When is a Business Liable for a Slip and Fall?

Slip and fall is a term used to describe a situation where someone is injured on another person’s property. This is also known as premises liability. Slip and falls can happen anywhere, but they often occur on somebody’s business premises. Situations such as torn carpeting, spilled substances, and broken fixtures can all lead to severe injuries. If someone is injured at a business, when can the business be held liable?

When the Business is the Property Owner

If the business owns the property where the injury occurred then it makes sense that the business may be liable for the injury. The essence of premises liability is that a property owner has a responsibility to keep their property reasonably safe from hazards so that people entering the property aren’t injured.

When the Business Leases the Property

Smaller businesses typically lease the property where their business is located. Another entity, the landlord, owns the property. However, in New York, the occupier of the property (the business) can be liable for unsafe conditions that cause injury even if they don’t own the property. Typically, you can hold both the owner of the property (the landlord) and the business that leases the property responsible for any damages, despite the business’s control of the property.

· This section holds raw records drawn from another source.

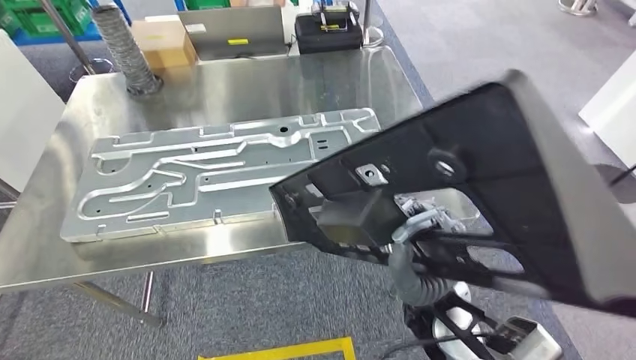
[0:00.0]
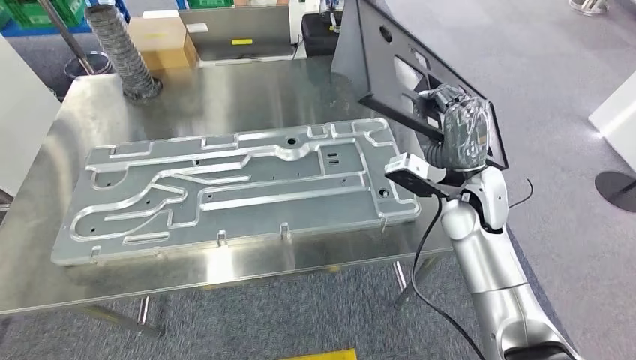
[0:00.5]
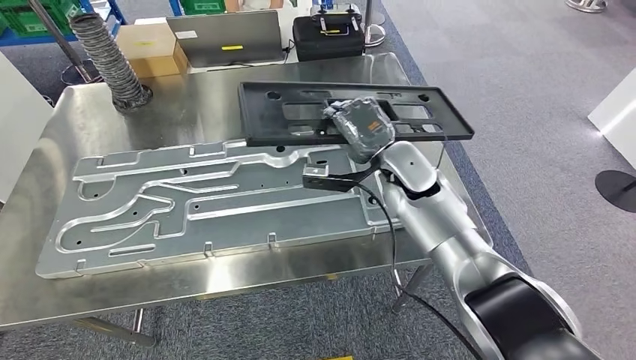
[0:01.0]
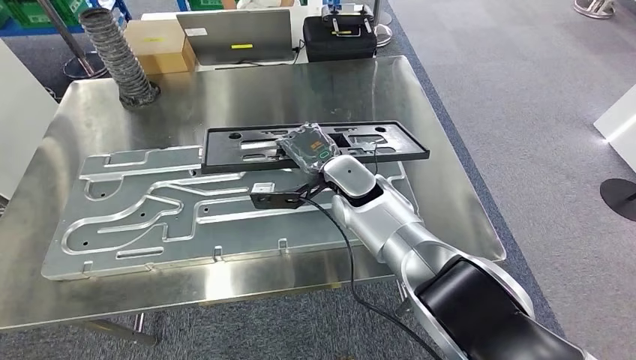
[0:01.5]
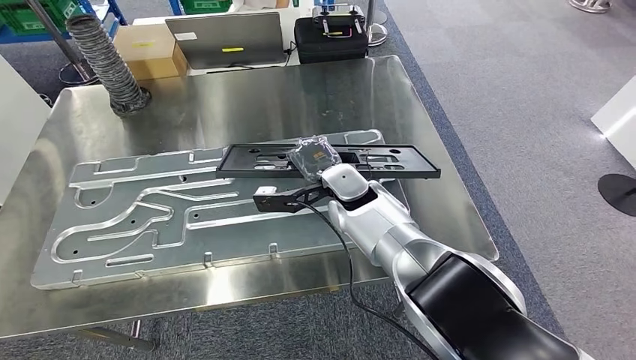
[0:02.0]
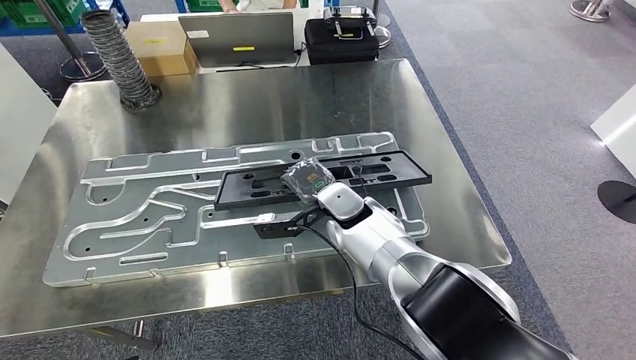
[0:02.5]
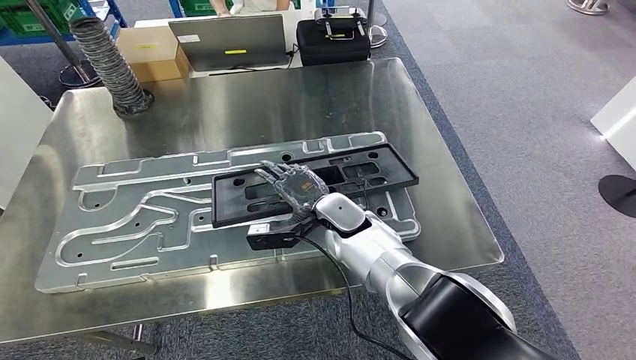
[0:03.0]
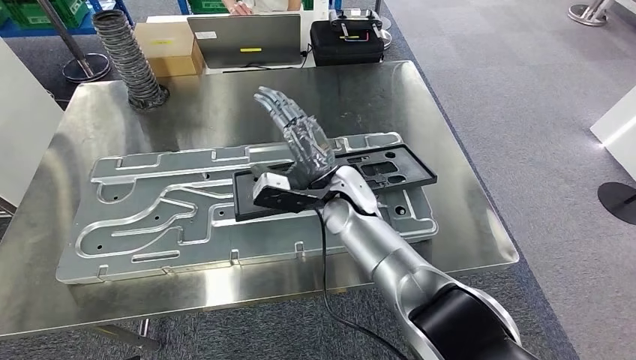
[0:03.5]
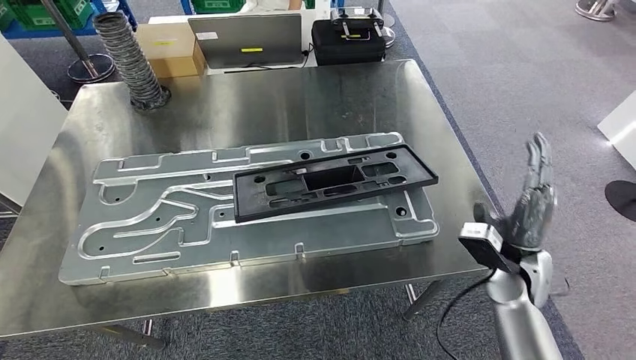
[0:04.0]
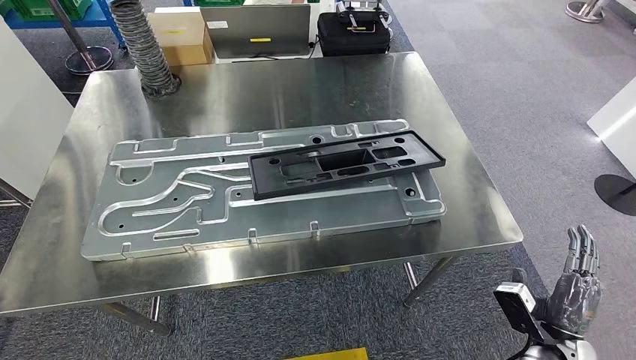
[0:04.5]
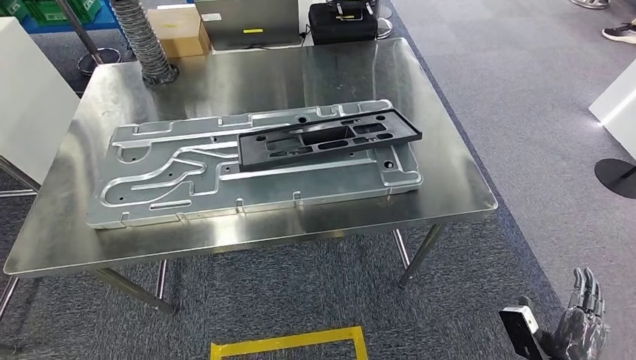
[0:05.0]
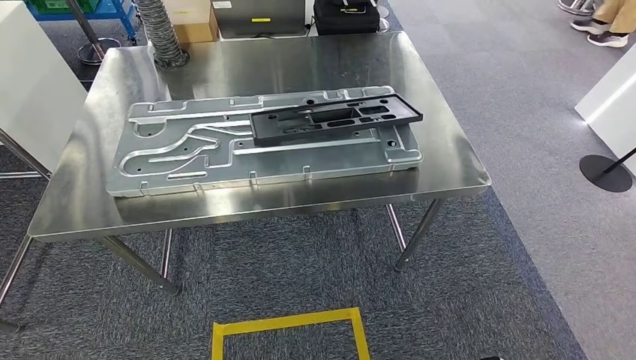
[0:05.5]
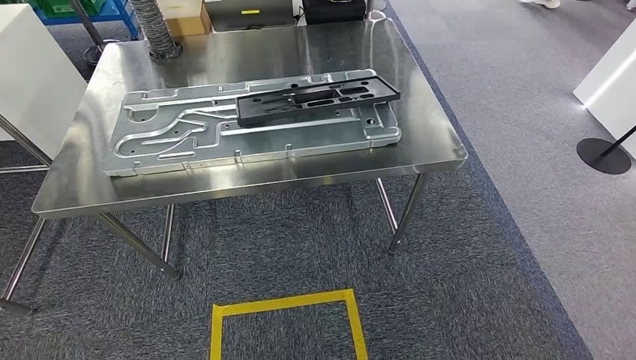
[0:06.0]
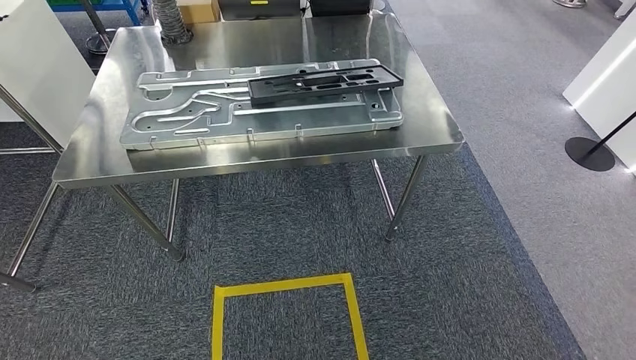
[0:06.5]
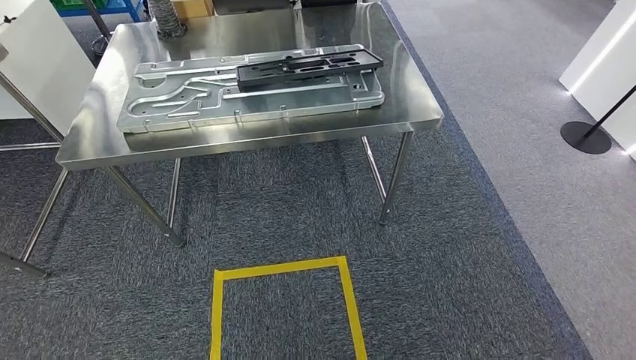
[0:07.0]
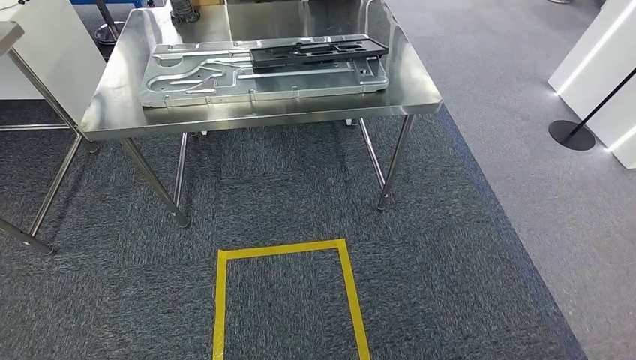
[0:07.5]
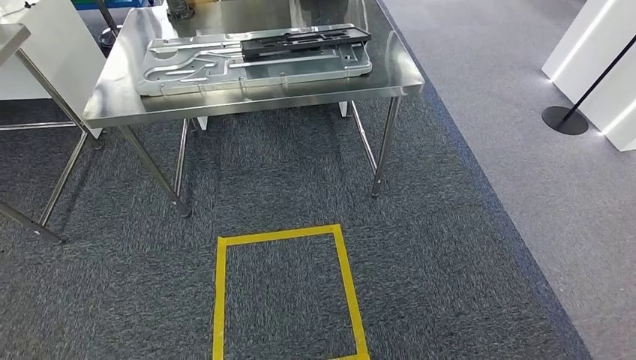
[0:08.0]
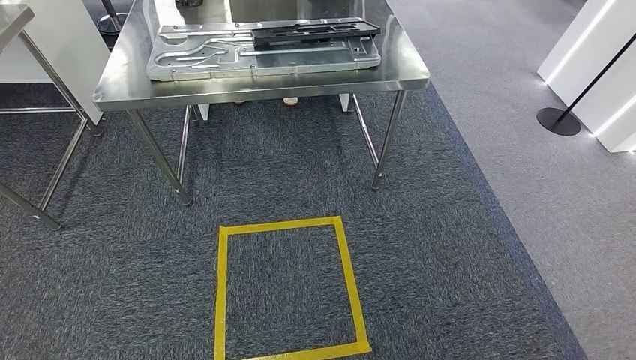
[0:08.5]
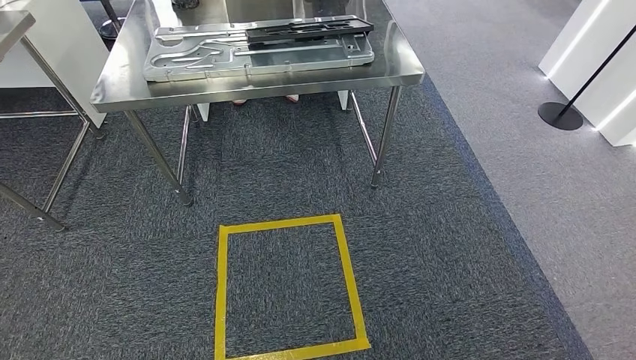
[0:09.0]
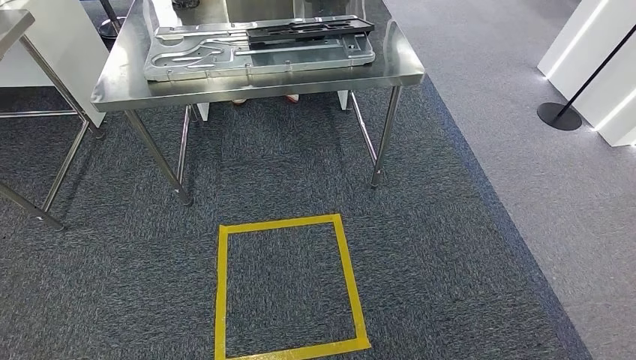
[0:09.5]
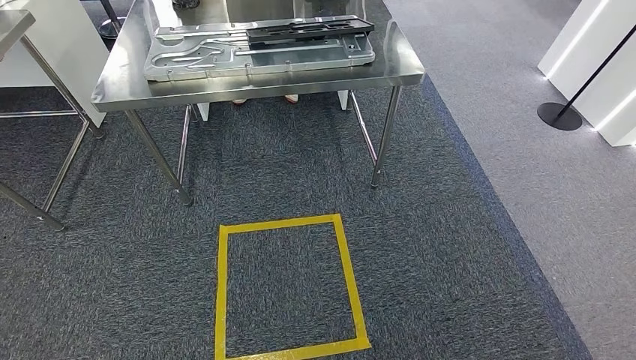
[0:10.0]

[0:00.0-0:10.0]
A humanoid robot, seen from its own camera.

When the Business has been Negligent

If the injured party was on the property lawfully, especially as a customer, the business owes the highest duty of care to that person. If the business owner was negligent in either failing to repair a dangerous condition or failing to warn others about the hazardous situation, they are subject to premises liability. It must be shown that the business owner knew, or should have known, about the dangerous condition. For instance, if a customer spills a drink on the floor and then another customer immediately slips on it, that may not be sufficient time for the business owner to have been aware of the condition and remedy it. In addition to proving that the business acted negligently, the injured party will also have to show that the negligence was the cause of the injury in question.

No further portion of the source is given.